- **Task statement**: Return all of the entries exactly, but do not include the pictures.

- **Information**:
==================================================
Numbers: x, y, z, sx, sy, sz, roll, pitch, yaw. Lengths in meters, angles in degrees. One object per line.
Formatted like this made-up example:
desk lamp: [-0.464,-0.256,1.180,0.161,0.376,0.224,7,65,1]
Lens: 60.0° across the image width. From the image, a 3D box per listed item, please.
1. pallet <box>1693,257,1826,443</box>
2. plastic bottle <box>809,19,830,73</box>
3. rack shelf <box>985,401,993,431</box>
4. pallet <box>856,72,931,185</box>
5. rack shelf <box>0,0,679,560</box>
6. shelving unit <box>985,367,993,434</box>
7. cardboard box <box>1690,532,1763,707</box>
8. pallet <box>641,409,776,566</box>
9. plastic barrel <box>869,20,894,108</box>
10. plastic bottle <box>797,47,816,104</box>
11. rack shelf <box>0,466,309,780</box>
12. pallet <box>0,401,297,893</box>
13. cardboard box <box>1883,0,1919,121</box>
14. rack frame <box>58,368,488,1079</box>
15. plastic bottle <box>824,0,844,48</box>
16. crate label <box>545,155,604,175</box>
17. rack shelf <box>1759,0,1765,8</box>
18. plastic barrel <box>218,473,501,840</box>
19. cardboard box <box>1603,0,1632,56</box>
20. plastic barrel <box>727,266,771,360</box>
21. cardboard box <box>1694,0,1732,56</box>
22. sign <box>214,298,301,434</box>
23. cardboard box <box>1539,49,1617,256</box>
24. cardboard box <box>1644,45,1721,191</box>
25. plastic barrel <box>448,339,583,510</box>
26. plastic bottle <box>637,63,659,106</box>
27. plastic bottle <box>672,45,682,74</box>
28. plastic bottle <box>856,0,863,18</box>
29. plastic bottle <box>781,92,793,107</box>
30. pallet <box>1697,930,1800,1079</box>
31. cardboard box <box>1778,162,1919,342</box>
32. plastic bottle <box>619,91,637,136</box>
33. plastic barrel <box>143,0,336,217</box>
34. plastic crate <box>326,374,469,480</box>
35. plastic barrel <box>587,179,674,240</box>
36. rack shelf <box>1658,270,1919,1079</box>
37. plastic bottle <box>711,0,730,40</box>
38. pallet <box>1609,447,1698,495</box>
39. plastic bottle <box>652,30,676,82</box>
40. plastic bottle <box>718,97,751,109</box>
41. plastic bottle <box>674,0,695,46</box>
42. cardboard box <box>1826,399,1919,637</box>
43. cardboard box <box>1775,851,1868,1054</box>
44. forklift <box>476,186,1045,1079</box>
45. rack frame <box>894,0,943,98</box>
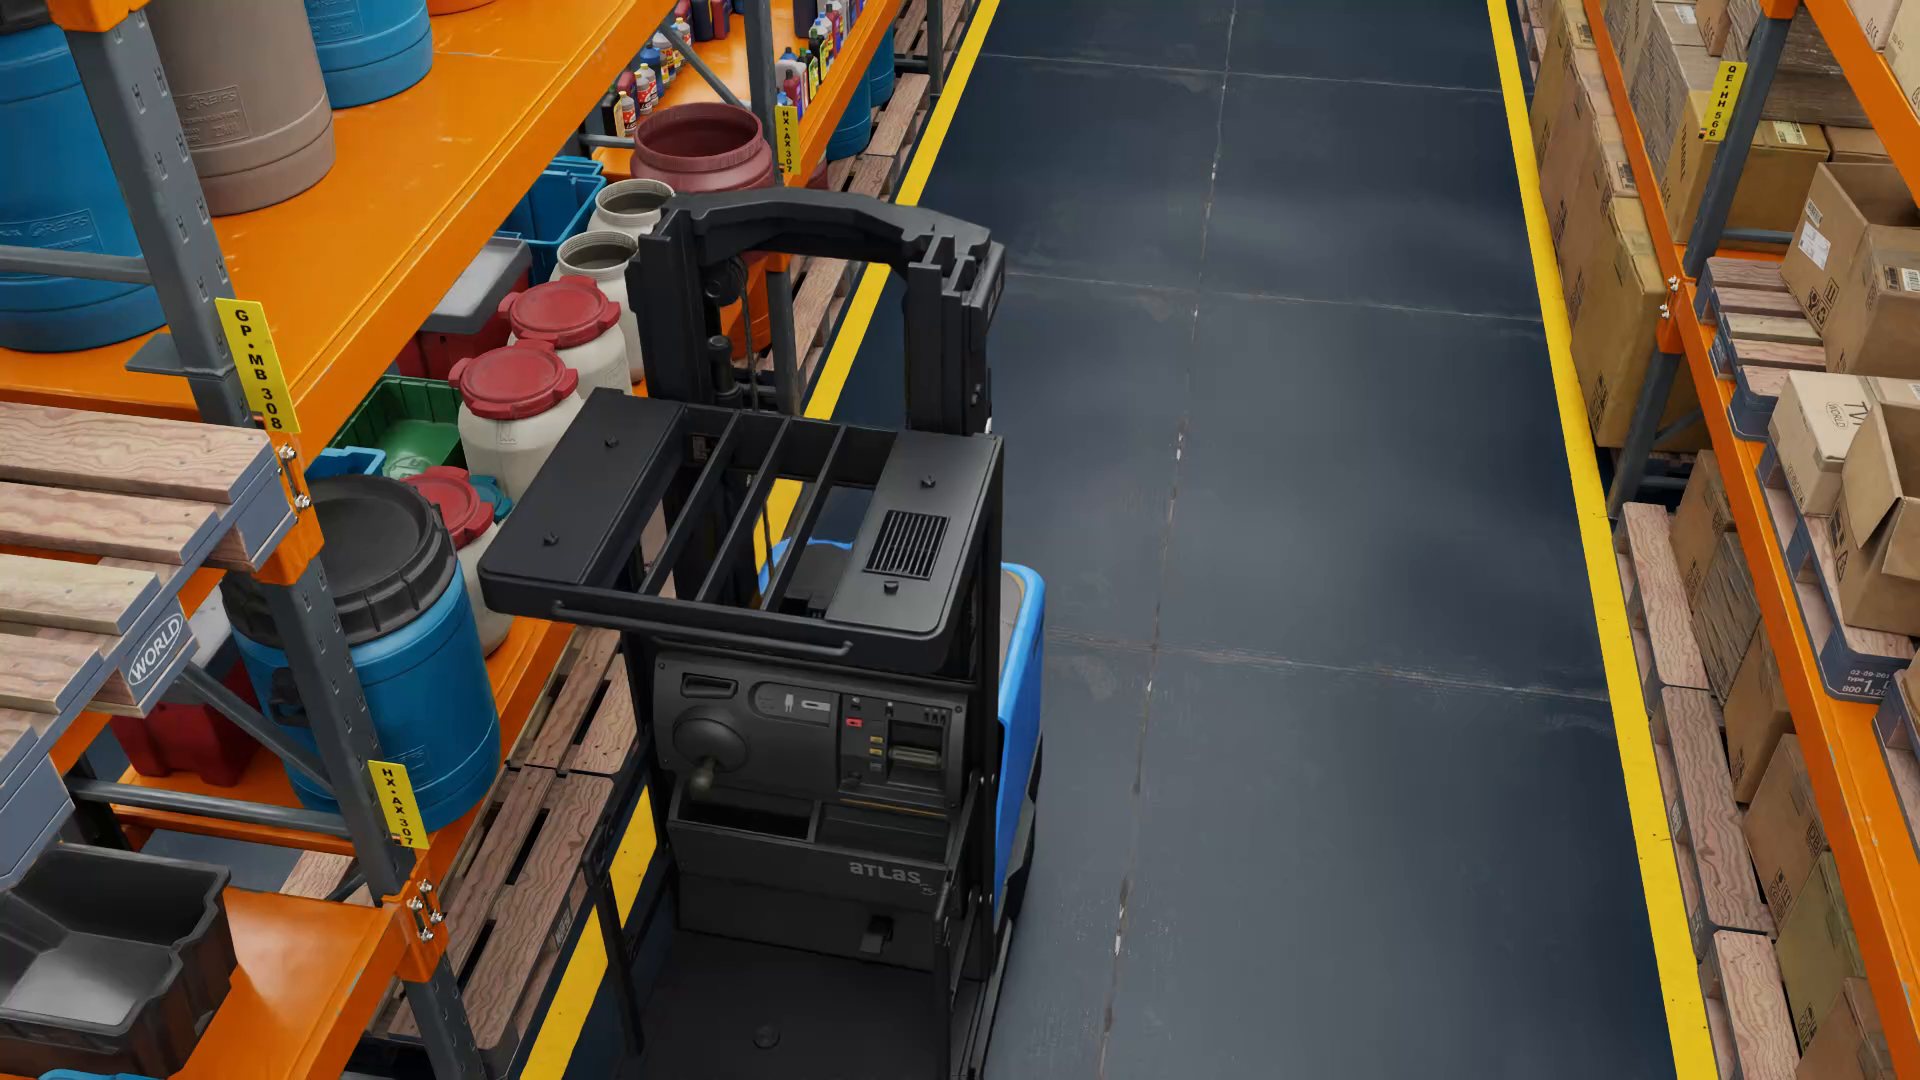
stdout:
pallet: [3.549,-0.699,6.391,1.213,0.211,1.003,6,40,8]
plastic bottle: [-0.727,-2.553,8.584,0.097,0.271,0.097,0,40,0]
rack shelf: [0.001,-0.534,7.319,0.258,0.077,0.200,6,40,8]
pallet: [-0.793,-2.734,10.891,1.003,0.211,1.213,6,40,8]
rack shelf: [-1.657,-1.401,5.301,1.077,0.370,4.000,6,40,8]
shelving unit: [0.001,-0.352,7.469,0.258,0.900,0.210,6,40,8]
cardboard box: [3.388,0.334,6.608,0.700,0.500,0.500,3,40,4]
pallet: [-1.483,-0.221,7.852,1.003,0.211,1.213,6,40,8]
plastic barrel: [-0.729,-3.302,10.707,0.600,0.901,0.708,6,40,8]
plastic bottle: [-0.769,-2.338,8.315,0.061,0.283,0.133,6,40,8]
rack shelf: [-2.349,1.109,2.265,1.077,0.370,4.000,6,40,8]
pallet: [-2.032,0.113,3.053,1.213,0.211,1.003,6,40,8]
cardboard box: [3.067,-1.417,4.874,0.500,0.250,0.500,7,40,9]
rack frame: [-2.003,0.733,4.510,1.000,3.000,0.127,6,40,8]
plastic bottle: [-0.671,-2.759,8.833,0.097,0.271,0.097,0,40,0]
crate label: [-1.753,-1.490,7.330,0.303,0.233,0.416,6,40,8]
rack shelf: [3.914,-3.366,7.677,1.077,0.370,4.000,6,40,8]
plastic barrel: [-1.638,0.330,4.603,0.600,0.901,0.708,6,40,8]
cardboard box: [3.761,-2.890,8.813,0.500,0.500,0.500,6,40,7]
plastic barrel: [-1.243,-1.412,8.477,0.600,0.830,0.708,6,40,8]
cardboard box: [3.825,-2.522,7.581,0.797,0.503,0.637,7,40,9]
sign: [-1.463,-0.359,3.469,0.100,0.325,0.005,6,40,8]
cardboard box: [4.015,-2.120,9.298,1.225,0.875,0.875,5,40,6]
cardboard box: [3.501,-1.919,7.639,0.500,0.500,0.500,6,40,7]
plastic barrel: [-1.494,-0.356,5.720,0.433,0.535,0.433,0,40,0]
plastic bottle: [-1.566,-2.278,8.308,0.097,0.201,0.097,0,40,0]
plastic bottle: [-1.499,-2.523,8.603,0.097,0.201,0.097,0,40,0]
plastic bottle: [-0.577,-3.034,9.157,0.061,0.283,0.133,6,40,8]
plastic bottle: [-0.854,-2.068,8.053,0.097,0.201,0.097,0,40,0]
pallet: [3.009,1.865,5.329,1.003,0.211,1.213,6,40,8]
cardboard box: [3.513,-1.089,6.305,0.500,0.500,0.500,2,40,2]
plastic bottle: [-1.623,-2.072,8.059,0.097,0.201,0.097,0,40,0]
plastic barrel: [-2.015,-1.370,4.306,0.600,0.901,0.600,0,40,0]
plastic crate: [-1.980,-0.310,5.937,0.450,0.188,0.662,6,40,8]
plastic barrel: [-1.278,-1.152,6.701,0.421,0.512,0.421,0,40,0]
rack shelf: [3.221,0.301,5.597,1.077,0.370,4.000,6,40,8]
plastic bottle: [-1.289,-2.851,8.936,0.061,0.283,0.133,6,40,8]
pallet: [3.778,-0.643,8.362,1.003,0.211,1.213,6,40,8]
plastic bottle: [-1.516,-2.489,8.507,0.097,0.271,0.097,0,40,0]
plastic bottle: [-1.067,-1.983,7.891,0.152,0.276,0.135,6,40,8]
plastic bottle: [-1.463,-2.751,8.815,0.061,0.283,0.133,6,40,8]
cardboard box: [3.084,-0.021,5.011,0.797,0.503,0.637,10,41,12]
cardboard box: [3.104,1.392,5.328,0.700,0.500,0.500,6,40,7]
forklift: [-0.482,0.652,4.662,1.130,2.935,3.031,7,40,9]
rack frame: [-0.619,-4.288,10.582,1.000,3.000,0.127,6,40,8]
==================================================
- **Response**:
Numbers: x, y, z, sx, sy, sz, roll, pitch, yaw. Lengths in meters, angles in degrees. One object per line.
Formatted like this made-up example:
desk lamp: [-0.464,-0.256,1.180,0.161,0.376,0.224,7,65,1]
Lens: 60.0° across the image width. From the image, a 3D box per listed item, please.
1. pallet <box>1693,257,1826,443</box>
2. plastic bottle <box>809,19,830,73</box>
3. rack shelf <box>985,401,993,431</box>
4. pallet <box>856,72,931,185</box>
5. rack shelf <box>0,0,679,560</box>
6. shelving unit <box>985,367,993,434</box>
7. cardboard box <box>1690,532,1763,707</box>
8. pallet <box>641,409,776,566</box>
9. plastic barrel <box>869,20,894,108</box>
10. plastic bottle <box>797,47,816,104</box>
11. rack shelf <box>0,466,309,780</box>
12. pallet <box>0,401,297,893</box>
13. cardboard box <box>1883,0,1919,121</box>
14. rack frame <box>58,368,488,1079</box>
15. plastic bottle <box>824,0,844,48</box>
16. crate label <box>545,155,604,175</box>
17. rack shelf <box>1759,0,1765,8</box>
18. plastic barrel <box>218,473,501,840</box>
19. cardboard box <box>1603,0,1632,56</box>
20. plastic barrel <box>727,266,771,360</box>
21. cardboard box <box>1694,0,1732,56</box>
22. sign <box>214,298,301,434</box>
23. cardboard box <box>1539,49,1617,256</box>
24. cardboard box <box>1644,45,1721,191</box>
25. plastic barrel <box>448,339,583,510</box>
26. plastic bottle <box>637,63,659,106</box>
27. plastic bottle <box>672,45,682,74</box>
28. plastic bottle <box>856,0,863,18</box>
29. plastic bottle <box>781,92,793,107</box>
30. pallet <box>1697,930,1800,1079</box>
31. cardboard box <box>1778,162,1919,342</box>
32. plastic bottle <box>619,91,637,136</box>
33. plastic barrel <box>143,0,336,217</box>
34. plastic crate <box>326,374,469,480</box>
35. plastic barrel <box>587,179,674,240</box>
36. rack shelf <box>1658,270,1919,1079</box>
37. plastic bottle <box>711,0,730,40</box>
38. pallet <box>1609,447,1698,495</box>
39. plastic bottle <box>652,30,676,82</box>
40. plastic bottle <box>718,97,751,109</box>
41. plastic bottle <box>674,0,695,46</box>
42. cardboard box <box>1826,399,1919,637</box>
43. cardboard box <box>1775,851,1868,1054</box>
44. forklift <box>476,186,1045,1079</box>
45. rack frame <box>894,0,943,98</box>
stdout:
pallet: [3.549,-0.699,6.391,1.213,0.211,1.003,6,40,8]
plastic bottle: [-0.727,-2.553,8.584,0.097,0.271,0.097,0,40,0]
rack shelf: [0.001,-0.534,7.319,0.258,0.077,0.200,6,40,8]
pallet: [-0.793,-2.734,10.891,1.003,0.211,1.213,6,40,8]
rack shelf: [-1.657,-1.401,5.301,1.077,0.370,4.000,6,40,8]
shelving unit: [0.001,-0.352,7.469,0.258,0.900,0.210,6,40,8]
cardboard box: [3.388,0.334,6.608,0.700,0.500,0.500,3,40,4]
pallet: [-1.483,-0.221,7.852,1.003,0.211,1.213,6,40,8]
plastic barrel: [-0.729,-3.302,10.707,0.600,0.901,0.708,6,40,8]
plastic bottle: [-0.769,-2.338,8.315,0.061,0.283,0.133,6,40,8]
rack shelf: [-2.349,1.109,2.265,1.077,0.370,4.000,6,40,8]
pallet: [-2.032,0.113,3.053,1.213,0.211,1.003,6,40,8]
cardboard box: [3.067,-1.417,4.874,0.500,0.250,0.500,7,40,9]
rack frame: [-2.003,0.733,4.510,1.000,3.000,0.127,6,40,8]
plastic bottle: [-0.671,-2.759,8.833,0.097,0.271,0.097,0,40,0]
crate label: [-1.753,-1.490,7.330,0.303,0.233,0.416,6,40,8]
rack shelf: [3.914,-3.366,7.677,1.077,0.370,4.000,6,40,8]
plastic barrel: [-1.638,0.330,4.603,0.600,0.901,0.708,6,40,8]
cardboard box: [3.761,-2.890,8.813,0.500,0.500,0.500,6,40,7]
plastic barrel: [-1.243,-1.412,8.477,0.600,0.830,0.708,6,40,8]
cardboard box: [3.825,-2.522,7.581,0.797,0.503,0.637,7,40,9]
sign: [-1.463,-0.359,3.469,0.100,0.325,0.005,6,40,8]
cardboard box: [4.015,-2.120,9.298,1.225,0.875,0.875,5,40,6]
cardboard box: [3.501,-1.919,7.639,0.500,0.500,0.500,6,40,7]
plastic barrel: [-1.494,-0.356,5.720,0.433,0.535,0.433,0,40,0]
plastic bottle: [-1.566,-2.278,8.308,0.097,0.201,0.097,0,40,0]
plastic bottle: [-1.499,-2.523,8.603,0.097,0.201,0.097,0,40,0]
plastic bottle: [-0.577,-3.034,9.157,0.061,0.283,0.133,6,40,8]
plastic bottle: [-0.854,-2.068,8.053,0.097,0.201,0.097,0,40,0]
pallet: [3.009,1.865,5.329,1.003,0.211,1.213,6,40,8]
cardboard box: [3.513,-1.089,6.305,0.500,0.500,0.500,2,40,2]
plastic bottle: [-1.623,-2.072,8.059,0.097,0.201,0.097,0,40,0]
plastic barrel: [-2.015,-1.370,4.306,0.600,0.901,0.600,0,40,0]
plastic crate: [-1.980,-0.310,5.937,0.450,0.188,0.662,6,40,8]
plastic barrel: [-1.278,-1.152,6.701,0.421,0.512,0.421,0,40,0]
rack shelf: [3.221,0.301,5.597,1.077,0.370,4.000,6,40,8]
plastic bottle: [-1.289,-2.851,8.936,0.061,0.283,0.133,6,40,8]
pallet: [3.778,-0.643,8.362,1.003,0.211,1.213,6,40,8]
plastic bottle: [-1.516,-2.489,8.507,0.097,0.271,0.097,0,40,0]
plastic bottle: [-1.067,-1.983,7.891,0.152,0.276,0.135,6,40,8]
plastic bottle: [-1.463,-2.751,8.815,0.061,0.283,0.133,6,40,8]
cardboard box: [3.084,-0.021,5.011,0.797,0.503,0.637,10,41,12]
cardboard box: [3.104,1.392,5.328,0.700,0.500,0.500,6,40,7]
forklift: [-0.482,0.652,4.662,1.130,2.935,3.031,7,40,9]
rack frame: [-0.619,-4.288,10.582,1.000,3.000,0.127,6,40,8]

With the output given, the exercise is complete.